Безусловно, можно было положить конец ухаживаниям Метуся, но мы не хотели терять его и Александера как источник разнообразной, иногда даже очень важной информации. Ведь это они, разумеется «под большим секретом», предупреждали нас об операциях против партизан, об облавах в городе, об аресте советских патриотов, о приезде «высоких гостей»… Поэтому Николай Иванович держал этих двух «приятелей» под своим влиянием, расхваливал их за преданность немцам, за расторопность и «героизм».

Однажды, выслушав похвальбу Метуся об успехах на службе, Пауль Зиберт пообещал пойти к его шефу и замолвить за него словечко. Гестаповец едва не прыгнул от радости.

— Герр обер-лейтенант! Я вам всю жизнь буду благодарен. Сделайте это, пожалуйста. А то моего коллегу Александера шеф очень любит: он ему платит больше и на обед к себе приглашает. А на меня часто кричит, дескать, в голове у меня только девчонки. Это Александер, вероятно, наговорил шефу про меня. Если бы вы замолвили словечко…

— При первой же возможности я это обязательно сделаю, пан Метусь, — обещал Николай Иванович.

— Вы хоть позвоните по телефону, — просил предатель.

Это обстоятельство еще больше привязало Метуся к Кузнецову. Леон все чаще стал приглашать его на обеды, пробовал даже делать подарки, о своей работе в гестапо рассказывал со всеми подробностями и уже не «под секретом», а делился с Кузнецовым, словно тот был его шефом: спрашивал совета. Пауль Зиберт позволил даже Леону в разговоре перейти на «ты».

Как-то гестаповец предложил Кузнецову посетить его знакомых и снова начал хвастаться:

— Эх, Пауль, если бы ты знал, какая у меня есть красавица! Что говорить — люкс!

— А почему же ты не женишься? — спросил Кузнецов.

— На такой стоит жениться, но она очень уж переборчивая. Я сначала пробовал ухаживать. Вижу — не получается, я и оставил ее, чтобы даром время не тратить. Хочешь, я тебя с ней познакомлю?
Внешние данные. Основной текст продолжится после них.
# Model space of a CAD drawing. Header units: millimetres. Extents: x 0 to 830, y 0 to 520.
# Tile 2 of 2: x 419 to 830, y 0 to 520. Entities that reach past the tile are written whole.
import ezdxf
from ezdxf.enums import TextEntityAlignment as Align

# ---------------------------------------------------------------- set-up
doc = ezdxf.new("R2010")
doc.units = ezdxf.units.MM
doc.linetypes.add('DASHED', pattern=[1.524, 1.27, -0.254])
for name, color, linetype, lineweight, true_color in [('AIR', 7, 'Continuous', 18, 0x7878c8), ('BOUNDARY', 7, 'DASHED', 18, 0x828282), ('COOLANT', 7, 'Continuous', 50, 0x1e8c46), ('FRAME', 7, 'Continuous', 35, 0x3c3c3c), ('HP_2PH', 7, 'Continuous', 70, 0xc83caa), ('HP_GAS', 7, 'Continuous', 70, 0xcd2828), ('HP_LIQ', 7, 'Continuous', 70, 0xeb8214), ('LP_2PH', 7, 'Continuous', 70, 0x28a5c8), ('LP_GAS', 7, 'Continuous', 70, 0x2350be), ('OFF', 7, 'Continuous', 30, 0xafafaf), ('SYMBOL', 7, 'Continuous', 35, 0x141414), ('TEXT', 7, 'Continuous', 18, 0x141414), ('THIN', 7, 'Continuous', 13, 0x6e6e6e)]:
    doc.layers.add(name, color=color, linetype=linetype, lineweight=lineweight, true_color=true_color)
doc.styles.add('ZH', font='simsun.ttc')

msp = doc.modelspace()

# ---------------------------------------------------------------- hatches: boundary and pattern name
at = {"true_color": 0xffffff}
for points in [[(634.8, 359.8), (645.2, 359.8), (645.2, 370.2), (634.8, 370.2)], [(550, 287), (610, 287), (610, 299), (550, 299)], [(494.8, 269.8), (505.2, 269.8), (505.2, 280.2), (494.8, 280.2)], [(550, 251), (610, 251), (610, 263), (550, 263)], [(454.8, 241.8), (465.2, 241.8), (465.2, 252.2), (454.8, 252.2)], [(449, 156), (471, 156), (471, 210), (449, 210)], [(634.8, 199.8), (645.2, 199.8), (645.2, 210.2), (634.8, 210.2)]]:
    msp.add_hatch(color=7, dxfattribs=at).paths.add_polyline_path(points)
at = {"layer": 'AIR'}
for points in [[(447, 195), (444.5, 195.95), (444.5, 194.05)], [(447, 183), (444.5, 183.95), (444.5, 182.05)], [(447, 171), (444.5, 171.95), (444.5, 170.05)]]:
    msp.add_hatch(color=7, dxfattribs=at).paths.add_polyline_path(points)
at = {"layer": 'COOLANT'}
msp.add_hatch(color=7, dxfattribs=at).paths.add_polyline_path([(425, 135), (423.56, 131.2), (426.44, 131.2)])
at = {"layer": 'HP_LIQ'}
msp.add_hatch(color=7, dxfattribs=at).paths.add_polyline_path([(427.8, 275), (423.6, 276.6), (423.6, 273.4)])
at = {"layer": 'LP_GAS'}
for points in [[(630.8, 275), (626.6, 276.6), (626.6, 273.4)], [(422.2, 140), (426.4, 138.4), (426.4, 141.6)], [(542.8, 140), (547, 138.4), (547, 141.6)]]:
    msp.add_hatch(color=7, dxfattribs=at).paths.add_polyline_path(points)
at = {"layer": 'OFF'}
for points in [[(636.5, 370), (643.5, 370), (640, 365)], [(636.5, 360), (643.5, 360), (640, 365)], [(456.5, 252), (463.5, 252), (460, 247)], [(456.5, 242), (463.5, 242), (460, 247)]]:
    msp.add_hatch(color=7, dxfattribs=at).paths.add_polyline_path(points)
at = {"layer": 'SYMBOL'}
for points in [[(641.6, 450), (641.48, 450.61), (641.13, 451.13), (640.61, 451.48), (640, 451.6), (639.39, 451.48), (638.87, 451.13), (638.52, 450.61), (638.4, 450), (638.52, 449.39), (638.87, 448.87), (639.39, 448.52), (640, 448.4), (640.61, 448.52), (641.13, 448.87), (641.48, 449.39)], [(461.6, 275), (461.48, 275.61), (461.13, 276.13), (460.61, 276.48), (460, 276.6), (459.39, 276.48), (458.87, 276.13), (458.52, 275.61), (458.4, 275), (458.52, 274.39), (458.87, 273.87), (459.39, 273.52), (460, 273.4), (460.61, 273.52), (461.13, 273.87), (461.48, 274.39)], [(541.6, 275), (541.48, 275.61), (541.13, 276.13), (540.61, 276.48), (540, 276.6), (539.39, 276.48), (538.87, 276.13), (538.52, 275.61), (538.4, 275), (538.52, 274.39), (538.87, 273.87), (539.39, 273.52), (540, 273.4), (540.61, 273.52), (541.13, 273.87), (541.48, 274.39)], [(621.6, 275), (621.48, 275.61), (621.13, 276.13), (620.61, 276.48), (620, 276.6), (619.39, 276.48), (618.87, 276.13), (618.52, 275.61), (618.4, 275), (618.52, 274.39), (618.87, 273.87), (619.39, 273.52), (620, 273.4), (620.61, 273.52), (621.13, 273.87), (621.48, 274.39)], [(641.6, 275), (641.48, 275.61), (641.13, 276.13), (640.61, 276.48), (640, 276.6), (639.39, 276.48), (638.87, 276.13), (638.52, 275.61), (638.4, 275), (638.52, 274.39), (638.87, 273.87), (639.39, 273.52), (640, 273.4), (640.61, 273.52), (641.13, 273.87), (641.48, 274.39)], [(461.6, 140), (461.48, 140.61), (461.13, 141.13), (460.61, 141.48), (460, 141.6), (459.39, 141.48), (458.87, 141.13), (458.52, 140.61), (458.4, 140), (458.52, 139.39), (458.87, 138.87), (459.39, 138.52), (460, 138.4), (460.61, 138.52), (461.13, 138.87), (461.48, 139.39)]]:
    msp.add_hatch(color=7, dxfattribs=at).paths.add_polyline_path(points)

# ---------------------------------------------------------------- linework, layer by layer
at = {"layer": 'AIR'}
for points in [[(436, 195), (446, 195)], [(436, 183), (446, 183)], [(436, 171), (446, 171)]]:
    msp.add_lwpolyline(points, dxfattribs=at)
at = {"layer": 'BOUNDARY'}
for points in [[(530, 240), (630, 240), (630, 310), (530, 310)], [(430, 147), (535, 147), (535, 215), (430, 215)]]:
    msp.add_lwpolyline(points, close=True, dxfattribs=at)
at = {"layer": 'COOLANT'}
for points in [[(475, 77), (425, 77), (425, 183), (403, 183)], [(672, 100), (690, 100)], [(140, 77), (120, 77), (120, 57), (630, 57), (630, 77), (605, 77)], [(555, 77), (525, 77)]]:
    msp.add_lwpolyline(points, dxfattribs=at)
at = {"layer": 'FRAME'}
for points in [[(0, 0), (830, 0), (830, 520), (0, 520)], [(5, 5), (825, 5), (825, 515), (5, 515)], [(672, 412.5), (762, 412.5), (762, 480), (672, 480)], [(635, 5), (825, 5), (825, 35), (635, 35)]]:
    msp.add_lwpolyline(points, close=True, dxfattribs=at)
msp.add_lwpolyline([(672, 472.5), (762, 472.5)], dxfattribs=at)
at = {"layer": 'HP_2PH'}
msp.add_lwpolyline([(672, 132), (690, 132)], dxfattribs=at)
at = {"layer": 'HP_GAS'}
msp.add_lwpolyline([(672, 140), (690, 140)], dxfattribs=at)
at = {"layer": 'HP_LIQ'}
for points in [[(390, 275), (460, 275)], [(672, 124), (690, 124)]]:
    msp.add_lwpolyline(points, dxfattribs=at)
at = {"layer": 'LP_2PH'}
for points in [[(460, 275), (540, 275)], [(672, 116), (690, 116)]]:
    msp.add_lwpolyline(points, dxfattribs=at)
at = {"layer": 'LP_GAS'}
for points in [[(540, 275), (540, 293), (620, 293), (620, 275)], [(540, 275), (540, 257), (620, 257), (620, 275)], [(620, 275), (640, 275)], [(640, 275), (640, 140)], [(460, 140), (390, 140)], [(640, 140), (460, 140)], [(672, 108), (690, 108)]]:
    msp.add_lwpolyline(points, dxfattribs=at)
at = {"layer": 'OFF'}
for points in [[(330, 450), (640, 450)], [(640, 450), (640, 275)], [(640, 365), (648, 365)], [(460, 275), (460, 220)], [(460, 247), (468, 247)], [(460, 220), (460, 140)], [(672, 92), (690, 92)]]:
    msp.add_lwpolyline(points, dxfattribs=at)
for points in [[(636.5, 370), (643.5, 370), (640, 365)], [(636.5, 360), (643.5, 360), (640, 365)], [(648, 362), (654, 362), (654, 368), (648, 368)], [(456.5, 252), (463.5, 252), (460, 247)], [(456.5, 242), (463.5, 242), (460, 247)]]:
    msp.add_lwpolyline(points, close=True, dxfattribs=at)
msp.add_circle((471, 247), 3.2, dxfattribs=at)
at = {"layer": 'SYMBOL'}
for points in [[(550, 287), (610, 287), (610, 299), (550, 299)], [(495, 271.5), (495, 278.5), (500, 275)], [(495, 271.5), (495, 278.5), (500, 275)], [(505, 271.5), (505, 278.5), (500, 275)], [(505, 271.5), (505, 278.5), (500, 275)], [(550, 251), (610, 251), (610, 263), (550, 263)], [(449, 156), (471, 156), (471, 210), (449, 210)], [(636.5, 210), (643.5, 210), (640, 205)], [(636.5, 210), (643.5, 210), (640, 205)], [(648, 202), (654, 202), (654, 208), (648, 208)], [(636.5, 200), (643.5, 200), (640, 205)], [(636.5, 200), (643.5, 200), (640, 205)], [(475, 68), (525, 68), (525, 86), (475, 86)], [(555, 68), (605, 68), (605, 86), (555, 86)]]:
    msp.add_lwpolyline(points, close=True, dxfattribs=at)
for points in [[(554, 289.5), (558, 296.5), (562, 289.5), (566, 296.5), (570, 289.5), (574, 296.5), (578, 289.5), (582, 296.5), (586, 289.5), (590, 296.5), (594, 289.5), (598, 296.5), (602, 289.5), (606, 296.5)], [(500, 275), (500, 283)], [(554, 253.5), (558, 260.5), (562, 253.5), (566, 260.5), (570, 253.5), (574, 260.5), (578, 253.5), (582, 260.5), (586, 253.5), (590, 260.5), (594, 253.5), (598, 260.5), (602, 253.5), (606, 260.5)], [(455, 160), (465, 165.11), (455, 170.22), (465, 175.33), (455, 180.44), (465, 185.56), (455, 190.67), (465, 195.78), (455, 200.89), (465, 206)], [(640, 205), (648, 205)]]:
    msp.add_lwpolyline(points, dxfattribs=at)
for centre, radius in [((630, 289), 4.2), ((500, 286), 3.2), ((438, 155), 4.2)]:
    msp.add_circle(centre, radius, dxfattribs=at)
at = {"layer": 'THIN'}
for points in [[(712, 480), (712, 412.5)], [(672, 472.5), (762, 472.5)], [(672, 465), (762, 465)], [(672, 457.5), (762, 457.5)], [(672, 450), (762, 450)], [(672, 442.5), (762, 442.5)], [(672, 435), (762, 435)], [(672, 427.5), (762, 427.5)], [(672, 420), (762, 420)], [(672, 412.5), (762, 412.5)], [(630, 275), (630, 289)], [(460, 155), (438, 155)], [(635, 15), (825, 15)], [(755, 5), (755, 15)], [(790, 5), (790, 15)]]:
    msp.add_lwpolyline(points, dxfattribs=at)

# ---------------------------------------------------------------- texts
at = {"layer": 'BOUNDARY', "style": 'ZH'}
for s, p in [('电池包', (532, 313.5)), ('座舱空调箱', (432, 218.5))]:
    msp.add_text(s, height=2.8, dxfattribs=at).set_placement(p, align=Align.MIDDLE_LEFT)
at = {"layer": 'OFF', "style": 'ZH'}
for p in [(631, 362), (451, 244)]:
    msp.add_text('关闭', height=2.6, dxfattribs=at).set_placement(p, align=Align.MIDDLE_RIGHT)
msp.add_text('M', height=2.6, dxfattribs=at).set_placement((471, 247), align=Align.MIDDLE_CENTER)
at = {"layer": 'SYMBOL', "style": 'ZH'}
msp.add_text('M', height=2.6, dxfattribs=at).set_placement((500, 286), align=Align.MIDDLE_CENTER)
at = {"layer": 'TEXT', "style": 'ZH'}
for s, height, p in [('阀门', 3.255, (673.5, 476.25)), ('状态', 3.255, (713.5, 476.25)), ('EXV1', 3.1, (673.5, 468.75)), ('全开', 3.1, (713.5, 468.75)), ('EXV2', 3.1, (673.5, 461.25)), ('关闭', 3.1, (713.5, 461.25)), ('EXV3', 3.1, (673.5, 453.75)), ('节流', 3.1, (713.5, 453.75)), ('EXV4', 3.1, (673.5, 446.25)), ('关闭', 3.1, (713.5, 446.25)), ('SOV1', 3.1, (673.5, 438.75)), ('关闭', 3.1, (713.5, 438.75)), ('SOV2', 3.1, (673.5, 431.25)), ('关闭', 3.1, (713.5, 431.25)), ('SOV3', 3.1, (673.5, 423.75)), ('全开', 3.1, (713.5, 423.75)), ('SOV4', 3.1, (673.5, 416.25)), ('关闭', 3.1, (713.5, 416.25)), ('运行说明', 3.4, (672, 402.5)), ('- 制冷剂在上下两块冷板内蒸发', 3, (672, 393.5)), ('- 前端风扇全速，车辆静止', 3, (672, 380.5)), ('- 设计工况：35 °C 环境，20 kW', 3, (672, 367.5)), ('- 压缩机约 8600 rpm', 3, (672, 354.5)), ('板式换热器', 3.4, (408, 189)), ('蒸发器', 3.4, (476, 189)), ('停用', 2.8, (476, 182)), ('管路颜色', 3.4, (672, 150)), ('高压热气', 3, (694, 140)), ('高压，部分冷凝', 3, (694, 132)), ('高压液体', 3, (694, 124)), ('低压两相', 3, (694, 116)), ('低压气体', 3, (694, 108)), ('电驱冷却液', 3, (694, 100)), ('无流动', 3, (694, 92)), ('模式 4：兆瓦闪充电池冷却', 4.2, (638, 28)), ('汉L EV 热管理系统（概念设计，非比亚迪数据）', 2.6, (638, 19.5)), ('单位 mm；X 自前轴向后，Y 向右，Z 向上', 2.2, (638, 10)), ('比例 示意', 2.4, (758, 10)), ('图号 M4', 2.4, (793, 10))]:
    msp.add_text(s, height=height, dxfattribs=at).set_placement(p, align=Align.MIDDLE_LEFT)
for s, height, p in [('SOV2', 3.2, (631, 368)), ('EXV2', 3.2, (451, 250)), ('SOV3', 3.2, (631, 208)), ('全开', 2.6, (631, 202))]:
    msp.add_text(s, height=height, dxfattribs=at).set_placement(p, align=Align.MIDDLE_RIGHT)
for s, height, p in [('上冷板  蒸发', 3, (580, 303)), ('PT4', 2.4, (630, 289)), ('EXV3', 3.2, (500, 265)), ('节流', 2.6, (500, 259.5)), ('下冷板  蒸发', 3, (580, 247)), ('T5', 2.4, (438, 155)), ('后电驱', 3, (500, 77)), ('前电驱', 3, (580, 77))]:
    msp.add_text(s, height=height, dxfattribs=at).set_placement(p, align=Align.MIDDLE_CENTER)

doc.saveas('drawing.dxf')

Но Николай Иванович никогда не спешил отвечать на подобные предложения.

Как-то мы сидели у Ивана Приходько: Николай Иванович, Коля Струтинский, Михаил Шевчук и я. Когда наше небольшое совещание закончилось, Кузнецов, усмехаясь, сообщил:

— Сегодня у меня свидание с красивой полькой, о которой мне уже порядком надоело слушать от этого презренного немецкого холуя. Пойду. Возможно, остановлюсь у нее на квартире.

— Смотри не женись преждевременно, — пошутил Шевчук. — А то что-то чересчур хвалят ее эти гестаповцы.